[EXERCISE GOAL]: Find the line with "Page size: 1241x1754." in the entries below, then reproduce it and every line after it down to and including the line with "For every layout", exactly.
** Opening RECORD EXTRACTS block **
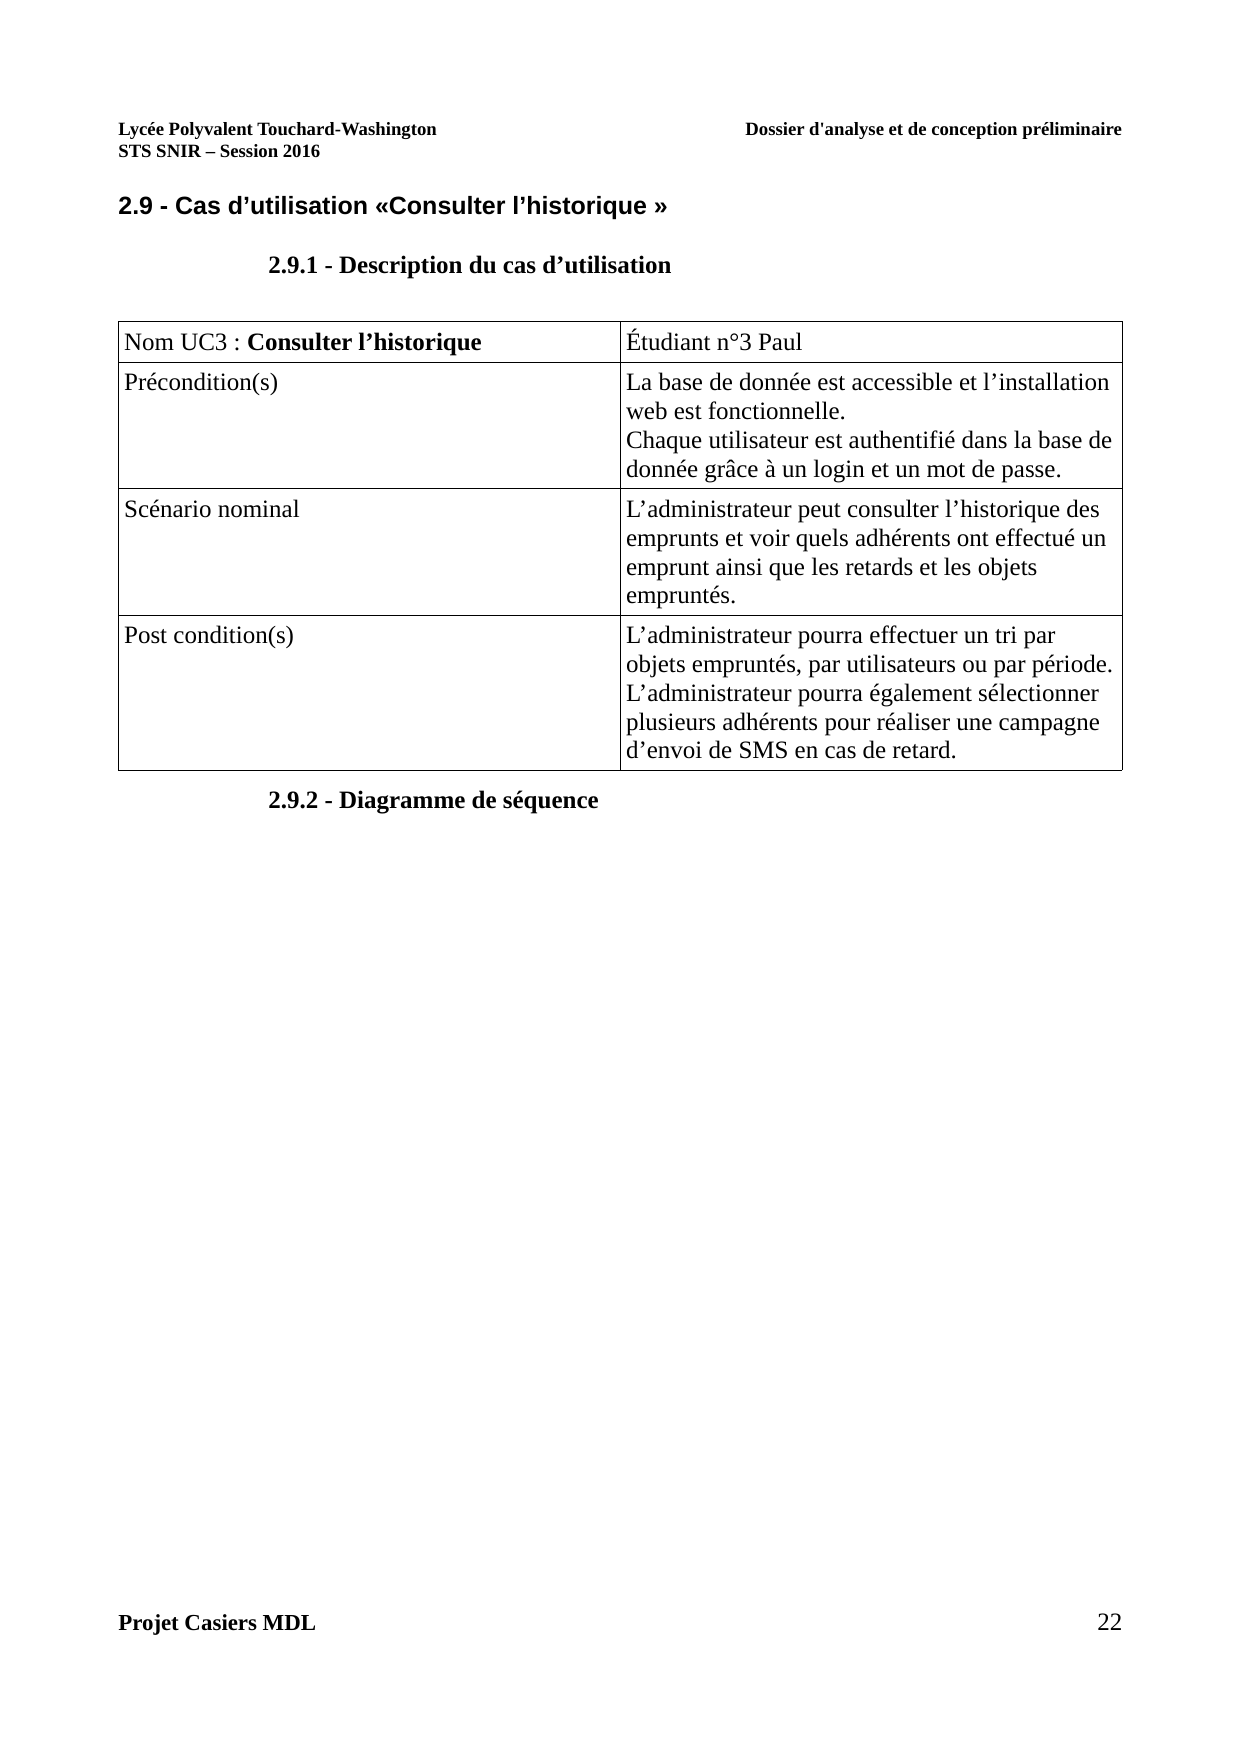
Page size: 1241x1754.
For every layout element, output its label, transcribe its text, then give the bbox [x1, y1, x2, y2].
** Closing RECORD EXTRACTS block **
** Opening RECORD EXTRACTS block **
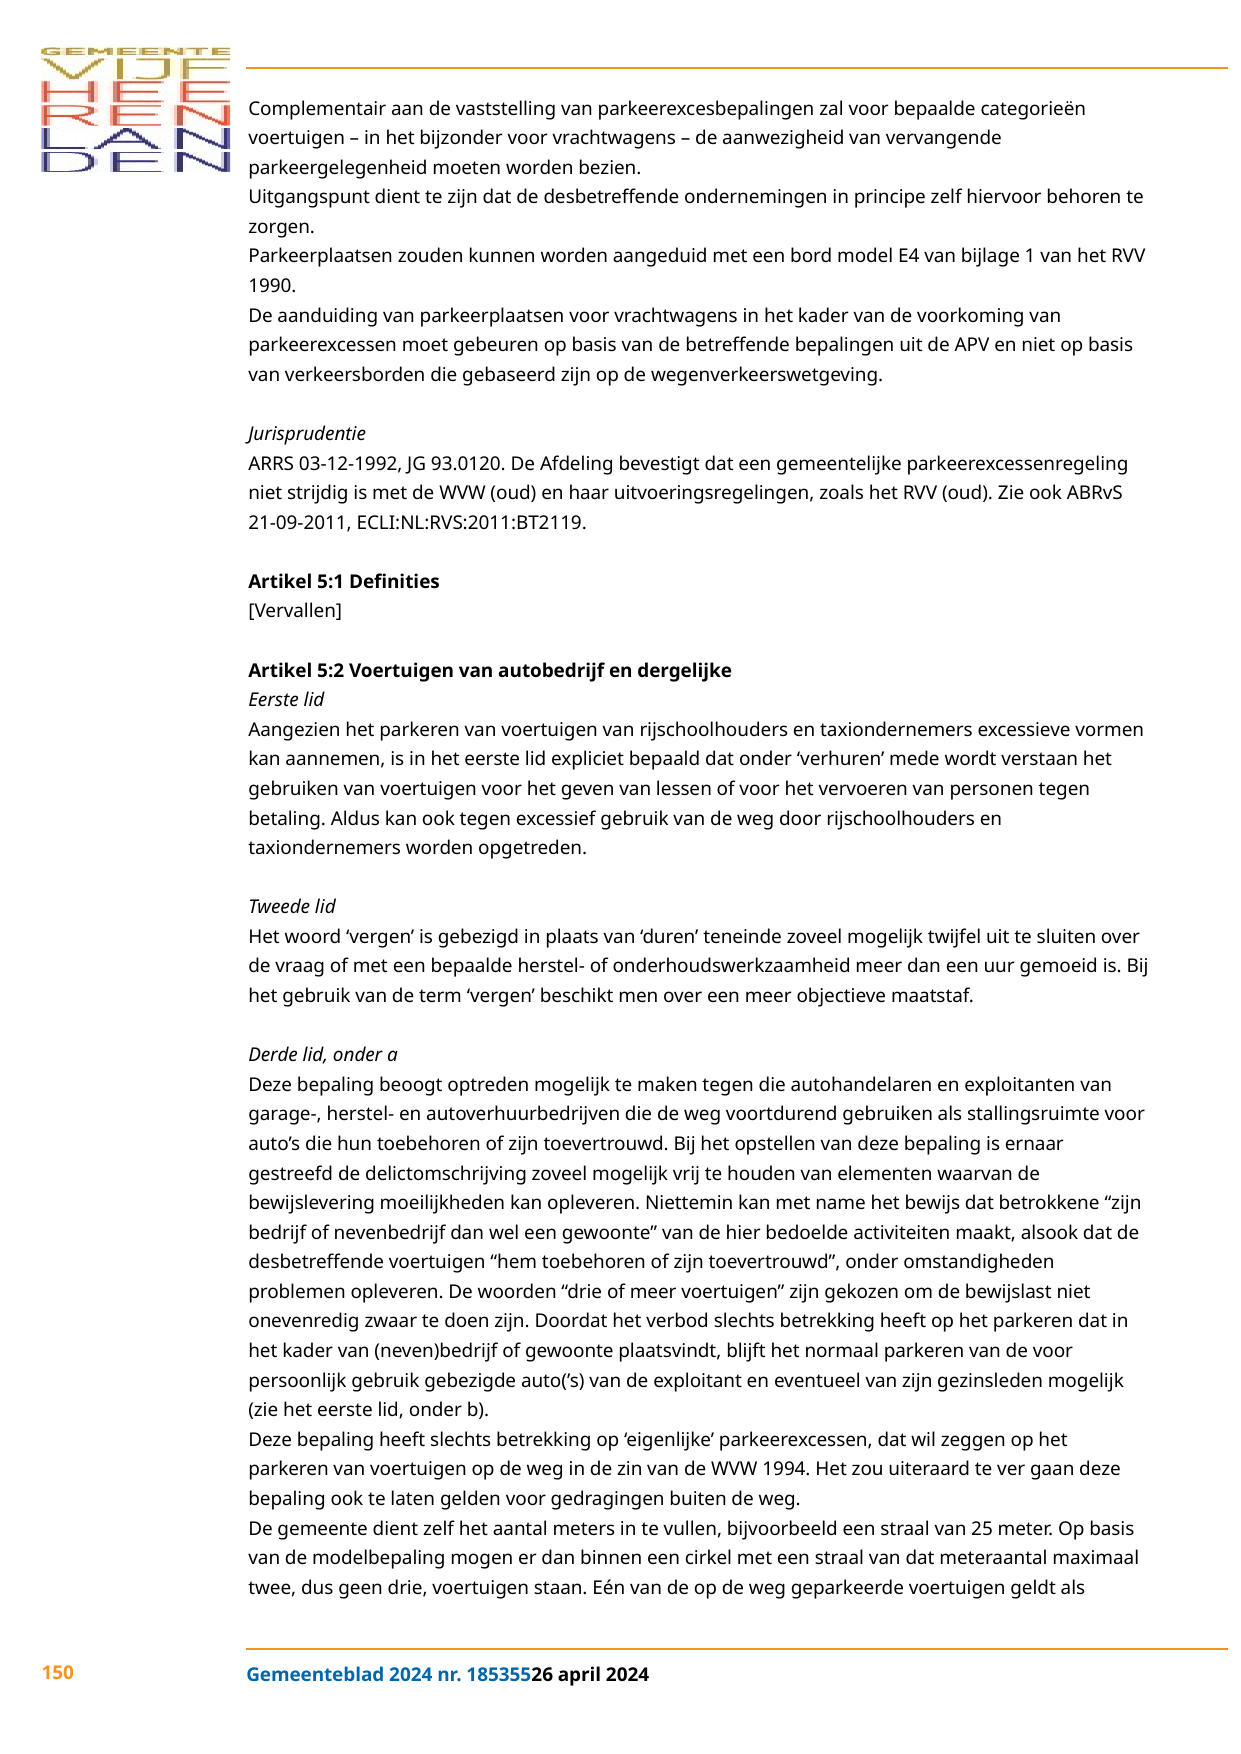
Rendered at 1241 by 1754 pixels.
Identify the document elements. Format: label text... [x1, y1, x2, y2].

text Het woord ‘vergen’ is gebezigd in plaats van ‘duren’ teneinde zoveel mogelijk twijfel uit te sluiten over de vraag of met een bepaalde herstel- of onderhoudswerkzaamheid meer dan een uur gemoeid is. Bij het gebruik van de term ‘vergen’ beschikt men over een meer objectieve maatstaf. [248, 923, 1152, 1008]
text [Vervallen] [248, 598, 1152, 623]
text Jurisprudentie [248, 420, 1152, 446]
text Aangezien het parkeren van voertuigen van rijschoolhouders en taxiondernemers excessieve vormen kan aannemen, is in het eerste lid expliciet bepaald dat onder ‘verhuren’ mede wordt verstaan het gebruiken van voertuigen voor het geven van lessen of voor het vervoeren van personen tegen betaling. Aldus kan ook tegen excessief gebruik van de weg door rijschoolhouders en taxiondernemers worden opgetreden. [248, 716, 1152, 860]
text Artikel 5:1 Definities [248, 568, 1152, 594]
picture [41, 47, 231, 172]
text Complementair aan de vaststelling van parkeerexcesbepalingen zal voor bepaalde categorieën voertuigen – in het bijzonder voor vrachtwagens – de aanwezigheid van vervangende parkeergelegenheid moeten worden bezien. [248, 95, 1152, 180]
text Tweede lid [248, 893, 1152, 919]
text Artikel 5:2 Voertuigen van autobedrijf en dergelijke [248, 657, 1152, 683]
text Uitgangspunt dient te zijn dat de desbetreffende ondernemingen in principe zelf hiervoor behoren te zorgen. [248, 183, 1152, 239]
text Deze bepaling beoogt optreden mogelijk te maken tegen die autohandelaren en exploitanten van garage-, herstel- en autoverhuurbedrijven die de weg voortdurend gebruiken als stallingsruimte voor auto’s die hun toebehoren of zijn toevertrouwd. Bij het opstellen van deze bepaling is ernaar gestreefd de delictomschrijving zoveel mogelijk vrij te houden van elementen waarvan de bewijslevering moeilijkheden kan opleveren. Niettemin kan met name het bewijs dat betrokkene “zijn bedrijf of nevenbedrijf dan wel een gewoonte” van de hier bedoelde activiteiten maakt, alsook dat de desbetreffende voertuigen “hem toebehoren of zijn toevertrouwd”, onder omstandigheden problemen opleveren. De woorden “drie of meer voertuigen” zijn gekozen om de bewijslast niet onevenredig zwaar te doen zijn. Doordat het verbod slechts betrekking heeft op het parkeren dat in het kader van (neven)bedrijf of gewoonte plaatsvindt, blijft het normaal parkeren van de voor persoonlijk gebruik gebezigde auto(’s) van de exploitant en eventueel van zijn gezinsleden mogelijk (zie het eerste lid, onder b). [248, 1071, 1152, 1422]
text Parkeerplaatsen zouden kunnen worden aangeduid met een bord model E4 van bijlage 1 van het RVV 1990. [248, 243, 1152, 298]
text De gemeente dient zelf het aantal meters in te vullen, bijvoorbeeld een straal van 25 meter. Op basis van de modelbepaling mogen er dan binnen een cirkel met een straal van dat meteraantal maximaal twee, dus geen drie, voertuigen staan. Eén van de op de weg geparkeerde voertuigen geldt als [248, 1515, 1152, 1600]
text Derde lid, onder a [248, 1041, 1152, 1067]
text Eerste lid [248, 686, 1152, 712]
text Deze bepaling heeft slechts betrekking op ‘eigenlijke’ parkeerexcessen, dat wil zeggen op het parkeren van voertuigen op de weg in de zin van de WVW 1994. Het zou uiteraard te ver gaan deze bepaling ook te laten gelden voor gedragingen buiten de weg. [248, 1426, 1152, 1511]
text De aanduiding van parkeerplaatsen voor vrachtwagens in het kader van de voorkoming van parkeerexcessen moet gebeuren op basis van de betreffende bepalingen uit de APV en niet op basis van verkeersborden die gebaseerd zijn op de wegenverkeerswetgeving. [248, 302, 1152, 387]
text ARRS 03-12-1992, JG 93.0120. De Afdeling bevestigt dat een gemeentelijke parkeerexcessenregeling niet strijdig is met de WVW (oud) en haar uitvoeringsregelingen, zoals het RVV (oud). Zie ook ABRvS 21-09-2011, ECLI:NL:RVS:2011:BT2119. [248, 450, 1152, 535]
** Closing RECORD EXTRACTS block **
[TASK RESULT]:
Page size: 1241x1754.
For every layout element, output its label, transcribe its text, then give the bbox [x1, y1, x2, y2].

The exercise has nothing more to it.